Publié le 20 octobre 2025 15:06:00. Longtemps considéré comme trop sombre ou complexe pour la scène, le changement climatique s’invite de plus en plus dans les productions théâtrales et télévisuelles, témoignant d’un intérêt croissant du public pour ce…

La crise climatique est-elle trop grave pour travailler sur scène ? Le vin mousseux et les méchants pourraient aider | théâtre américain

Publié le 20 octobre 2025 15:06:00. Longtemps considéré comme trop sombre ou complexe pour la scène, le changement climatique s’invite de plus en plus dans les productions théâtrales et télévisuelles, témoignant d’un intérêt croissant du public pour ce sujet crucial.

  • La pièce Weather Girl, qui aborde le dérèglement climatique en Californie à travers le regard d’une météorologue, a rencontré un succès critique à New York et pourrait être adaptée en série Netflix.
  • La pièce Kyoto, qui retrace les négociations internationales sur le climat, a été saluée au Royaume-Uni et sera bientôt présentée à New York.
  • Netflix a diffusé la mini-série Des familles comme la nôtre, qui explore les conséquences de l’élévation du niveau de la mer au Danemark.

Pendant longtemps, le sujet du changement climatique a été perçu comme un tabou dans le monde du divertissement. Trop angoissant, trop complexe, ou tout simplement trop ennuyeux, il était rarement abordé sur scène ou à l’écran. Les rares tentatives se soldaient souvent par des œuvres didactiques et moralisatrices, ou des productions à gros budget manquant de subtilité. Mais cette tendance semble en train de changer, comme en témoigne une récente vague de créations artistiques explorant les multiples facettes de cette crise planétaire.

Weather Girl, une pièce solo interprétée par Julia McDermott, a particulièrement marqué les esprits. Elle suit Stacey, une météorologue californienne confrontée à un dilemme : continuer à minimiser les risques climatiques pour satisfaire ses employeurs, ou alerter le public sur la gravité de la situation. La pièce a été acclamée par la critique à New York et pourrait bientôt être adaptée en série par Netflix. Netflix envisage en effet une adaptation télévisée.
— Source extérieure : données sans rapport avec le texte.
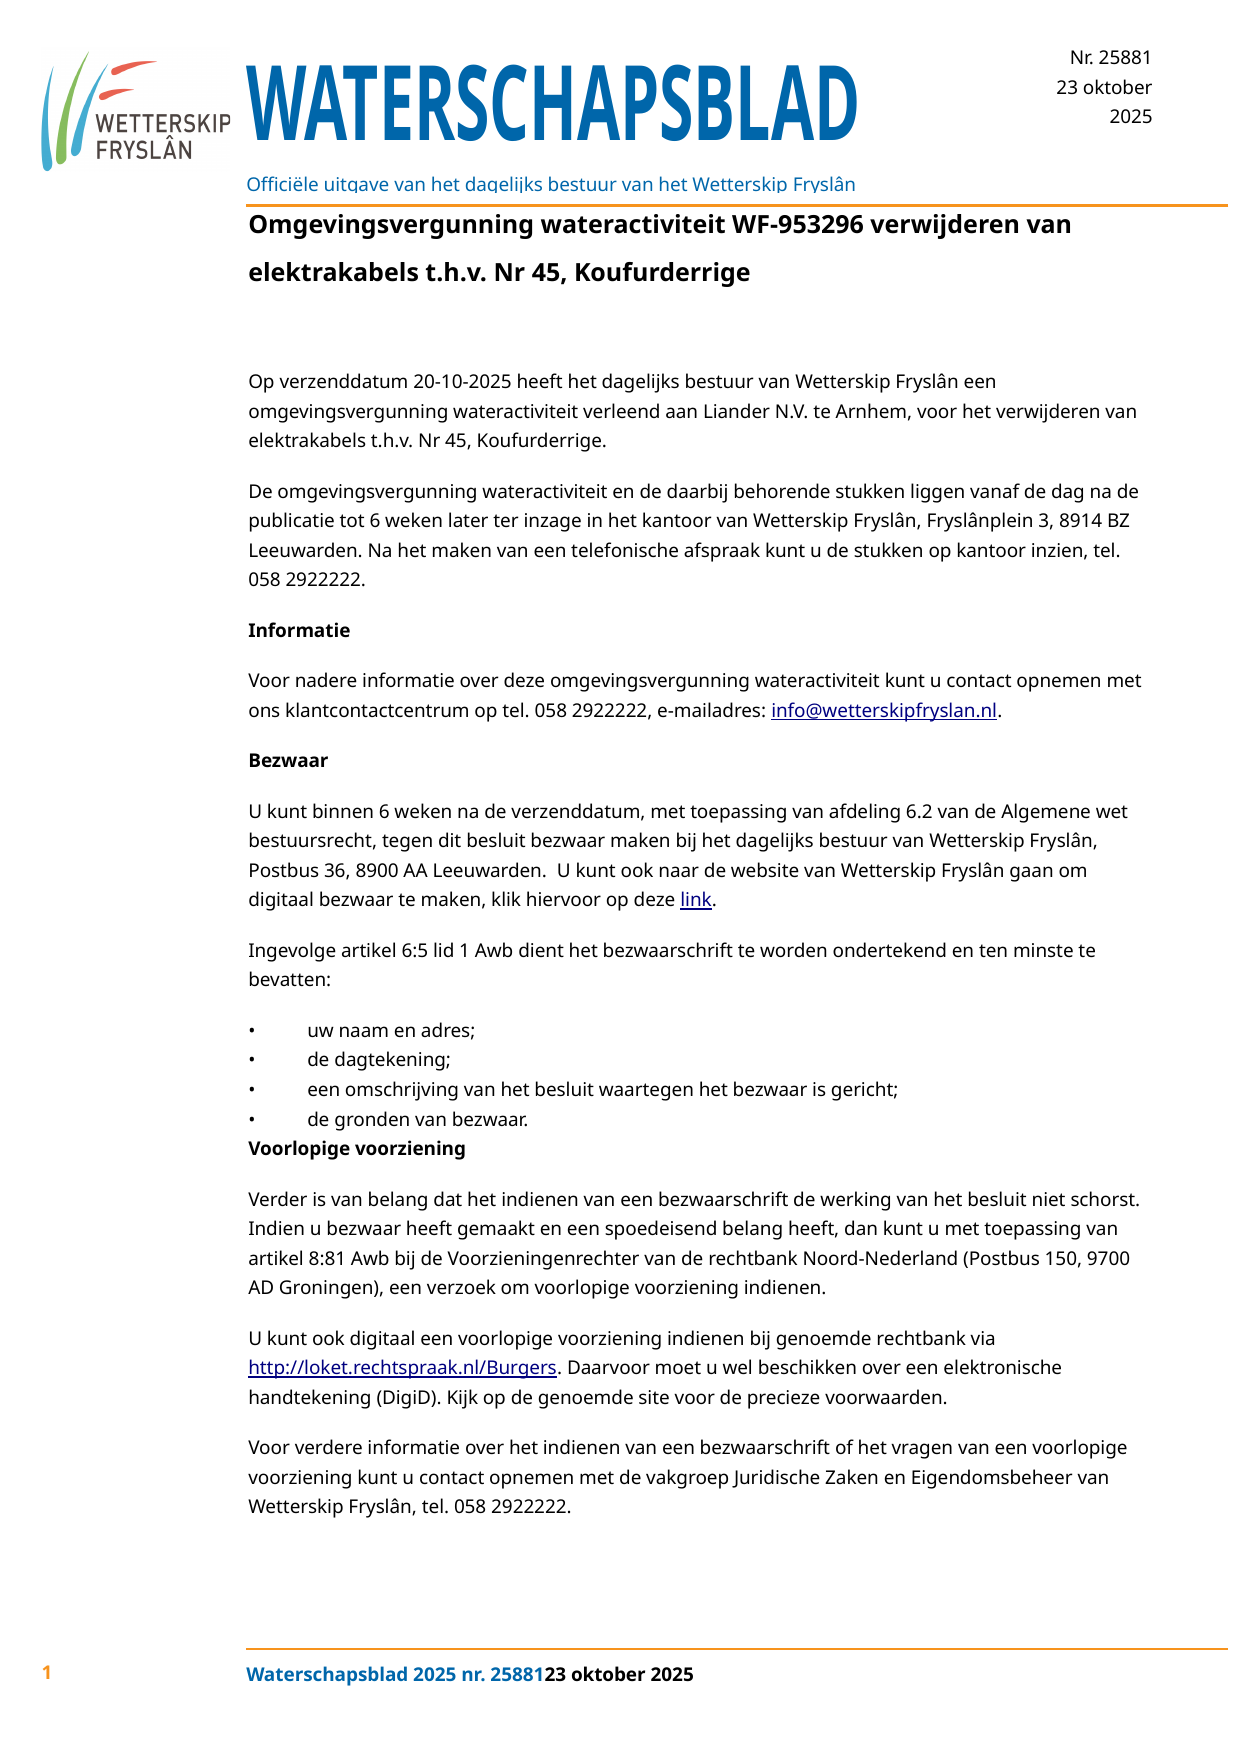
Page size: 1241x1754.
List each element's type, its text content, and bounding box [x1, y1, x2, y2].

text U kunt binnen 6 weken na de verzenddatum, met toepassing van afdeling 6.2 van de Algemene wet bestuursrecht, tegen dit besluit bezwaar maken bij het dagelijks bestuur van Wetterskip Fryslân, Postbus 36, 8900 AA Leeuwarden. U kunt ook naar de website van Wetterskip Fryslân gaan om digitaal bezwaar te maken, klik hiervoor op deze link. [248, 798, 1152, 912]
text De omgevingsvergunning wateractiviteit en de daarbij behorende stukken liggen vanaf de dag na de publicatie tot 6 weken later ter inzage in het kantoor van Wetterskip Fryslân, Fryslânplein 3, 8914 BZ Leeuwarden. Na het maken van een telefonische afspraak kunt u de stukken op kantoor inzien, tel. 058 2922222. [248, 478, 1152, 592]
text Op verzenddatum 20-10-2025 heeft het dagelijks bestuur van Wetterskip Fryslân een omgevingsvergunning wateractiviteit verleend aan Liander N.V. te Arnhem, voor het verwijderen van elektrakabels t.h.v. Nr 45, Koufurderrige. [248, 368, 1152, 453]
text Voor nadere informatie over deze omgevingsvergunning wateractiviteit kunt u contact opnemen met ons klantcontactcentrum op tel. 058 2922222, e-mailadres: info@wetterskipfryslan.nl. [248, 667, 1152, 723]
picture [41, 47, 231, 172]
list de dagtekening; [248, 1047, 1152, 1072]
text Informatie [248, 617, 1152, 643]
text Voorlopige voorziening [248, 1135, 1152, 1161]
text Bezwaar [248, 747, 1152, 773]
text Omgevingsvergunning wateractiviteit WF-953296 verwijderen van elektrakabels t.h.v. Nr 45, Koufurderrige [248, 207, 1152, 288]
text U kunt ook digitaal een voorlopige voorziening indienen bij genoemde rechtbank via http://loket.rechtspraak.nl/Burgers. Daarvoor moet u wel beschikken over een elektronische handtekening (DigiD). Kijk op de genoemde site voor de precieze voorwaarden. [248, 1325, 1152, 1410]
list uw naam en adres; [248, 1017, 1152, 1043]
list een omschrijving van het besluit waartegen het bezwaar is gericht; [248, 1076, 1152, 1102]
text Verder is van belang dat het indienen van een bezwaarschrift de werking van het besluit niet schorst. Indien u bezwaar heeft gemaakt en een spoedeisend belang heeft, dan kunt u met toepassing van artikel 8:81 Awb bij de Voorzieningenrechter van de rechtbank Noord-Nederland (Postbus 150, 9700 AD Groningen), een verzoek om voorlopige voorziening indienen. [248, 1186, 1152, 1300]
list de gronden van bezwaar. [248, 1106, 1152, 1132]
text Ingevolge artikel 6:5 lid 1 Awb dient het bezwaarschrift te worden ondertekend en ten minste te bevatten: [248, 937, 1152, 992]
text Voor verdere informatie over het indienen van een bezwaarschrift of het vragen van een voorlopige voorziening kunt u contact opnemen met de vakgroep Juridische Zaken en Eigendomsbeheer van Wetterskip Fryslân, tel. 058 2922222. [248, 1434, 1152, 1519]

Autre production prometteuse, Kyoto, écrite par Joe Robertson et Joe Murphy, plonge le spectateur au cœur des négociations qui ont abouti au Protocole de Kyoto en 1997, le premier traité international visant à freiner le réchauffement climatique. La pièce, qui a déjà rencontré un succès critique au Royaume-Uni, sera présentée à New York à partir du 3 novembre. Les critiques britanniques ont salué son approche originale et son personnage central, Donald Pearlman, un climato-sceptique républicain dont les motivations sont complexes.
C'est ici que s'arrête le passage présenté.